Brooks makes the distinction (thankfully) that the U.S. is different to Europe in that American sensibilities are predominantly still offended by anti-Semitism. I wholeheartedly agree, not that the existence is not real here as well, but here the issue remains a lack of empathy for the Jewish people in Europe. Americans sometimes view European Jews as being paranoid, as I did when reading Goldberg’s article. This is not to say we do not appreciate their struggle. We just don’t see it in our own environment. This makes it harder to fight on the European front.

A good example of this problem of negating the anti-Semitism in our own country can be seen in the recent events experienced in UCLA. Arielle Mokhtarzaeh argues in the Huffington Post the very real threat that anti-Semitism presents on the college campuses in the U.S., and how they are ignored. The Jewish people are held to a double standard, demonized, and delegitimized in the very institutions that are renowned for tolerance. She posits the cause for this odd conflict on college campuses has to do with the polarity that is created by identifying (and shaming) the oppression of one group.

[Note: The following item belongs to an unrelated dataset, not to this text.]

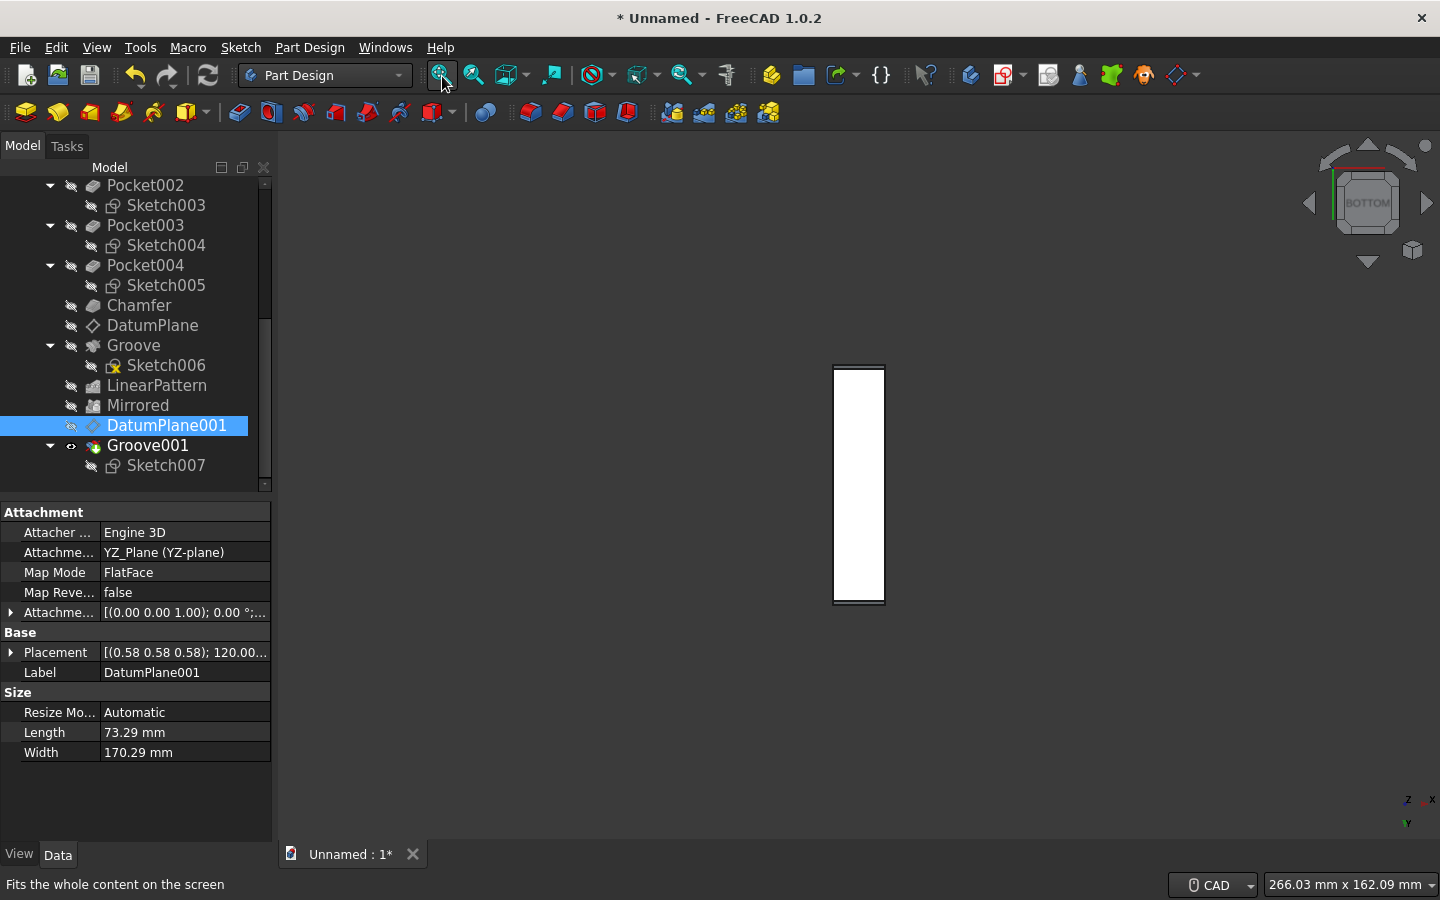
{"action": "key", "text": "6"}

For example, the perception of Islamophobia was ignited by the Israeli-Palestinian conflict, and the bombing (by both groups) in Gaza. This affords the opportunity for blame on the group assumed to cause it by those who were affected. However, the circumstances surrounding the issue are highly complex and cannot be fully attributed to just one group…unless those who identify with Islamic beliefs point a blaming finger at the Jews. The anti-Israel climate makes anti-Semitism seem acceptable. Mokhtarzaeh suggests the problem lies in the approach by schools to resolve the issue. It may be better to address anti-Semitism by bringing students together to celebrate their differences, rather than promote the shame-and-blame approach.

This raises the question as to the wisdom of removing history as a subject in Europe, especially now. To remove history lessons about the Holocaust and other events of Nazi Germany would have the same effect as removing the history of slavery in the South for African Americans or failing to teach children the callousness Willowbrook for disabled children. The oppressed groups run the risk of becoming oppressed, once again.

In The New York Times parenting blog, Motherlode, David Perry discusses his own experience of stigma and public shaming with his son who has Down syndrome. He equates the use of the r-word with the use of the n-word. Both have the effect of communicating the individual as a subclass human being. The view that some people perceive those with disabilities as less that worthy of living are not different than those who view those from other races, ethnicities or religions, such as Jews, African Americans, or any other oppressed group as unworthy of life. I know this feeling, having a son with autism. Sympathetically, Perry raises this very reality I often face, knowing we bear the additional complication of not having any outward sign that our children have challenges. Being judged as worthy of existing is unfair, and Perry suggests we should all become more aware of our judgments and consider that these judgments are part of the problem.

Finally, the Huffington Post offers a method of testing for whether we are racist. Dr. Phil offers five questions for self-reflection to know if we are racist in our views, and 10 steps for combating it in ourselves. The article is concise and honest in approaching honestly examining our own biases. The points can be uncomfortable to consider, as most Americans believe they are not racist, but the microaggressions surface upon examination. To change the attitudes of others, we must educate ourselves in our own biases, proceeding outward.

My daughter was arguing her reason for failing history class. Along with the group project mandate in Common Core for history, she simply did not see the relevance for history in her own life. I explained to her that history is the only gift our ancestors can leave their descendants, which has the potential of lasting for millennia. It allows their progeny to learn the vital lessons they learned, without the bonehead mistake of repeating them. This made sense to her. It does to me too.